-State aliasing is defined in POMDPs as the phenomenon where several states of the system are aliased to the same observation. It is also referred to as the hidden state problem.
-State aliasing appears in the QL MDP model since several state configurations can map to the same QL. The MDP cannot distinguish between individual underlying states that map to the same QL.
-This creates a problem when it comes time to generate the transition and reward function for the MDP since transitions out of what would normally be distinct states in the Exact model are not blended together.
-One phenomenon that I have observed that confirms this suspicion is the following. I set the costs for all movement actions to be infinite, except when all arcs have been planned. Then I set the cost of movement to be the cost of moving according to the current plan. I also set the cost of planning to be zero. This encourages the MDP to plan all arcs and then to move. Under these circumstances, it makes no difference the order in which that arcs are planned.

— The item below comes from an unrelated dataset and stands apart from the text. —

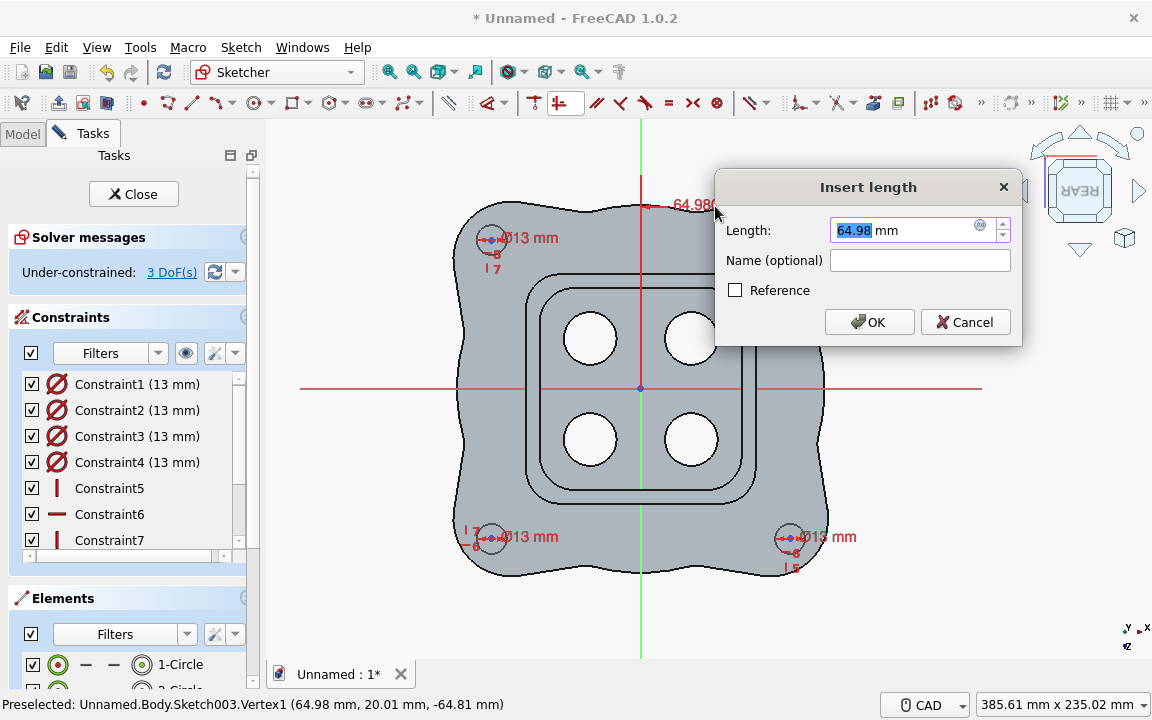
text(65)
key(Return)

-As expected, the policy does perform complete planning before moving. What is peculiar is that
the order in which the arcs are planned depends on the graph. Different graph instances result in different arc planning orders. The code is implemented such that it tries computing arcs in order from 1 to 12.

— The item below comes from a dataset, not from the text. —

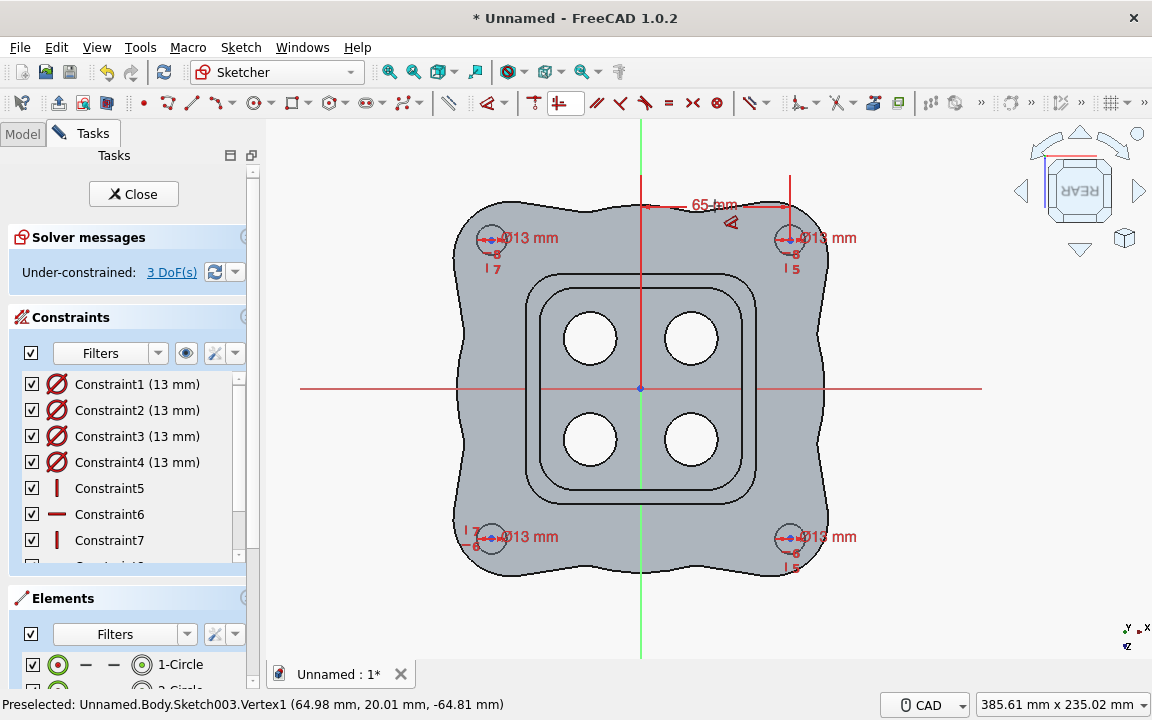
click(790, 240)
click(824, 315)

It will only swap the order when the value of planning a subsequent arc is strictly greater than the incumbent best arc. So it is expected that since it should make no difference which arc is planned first, the arcs should be planned in order. This behaviour is seen in the Exact MDP model, but
not here in the QL model.
-I believe now that the code is implemented correctly. The only reasons I can think of to explain this behavior is that the uniform sampling of the underlying graph worlds is biased in the QL MDP state space toward certain states. So a QL state, which contains multiple underlying states might have some good states blended in with some bad states, reducing the value of the QL state.
Addition of Rewards-When the rewards are reset to their average values, additional strange behavior occurs. Rather than planning arc 1-12 and then moving, the MDP sometimes decides to plan some, move, plan and move. In most instances this behavior still results in an optimal meta plan. Out of 1000 trial there are about 6-24 instances where this behavior results in reduced plan value.
-Again this is probably due the state aliasing.
-The next thing that I will do is to generate results for the QL MDP for various epsilons.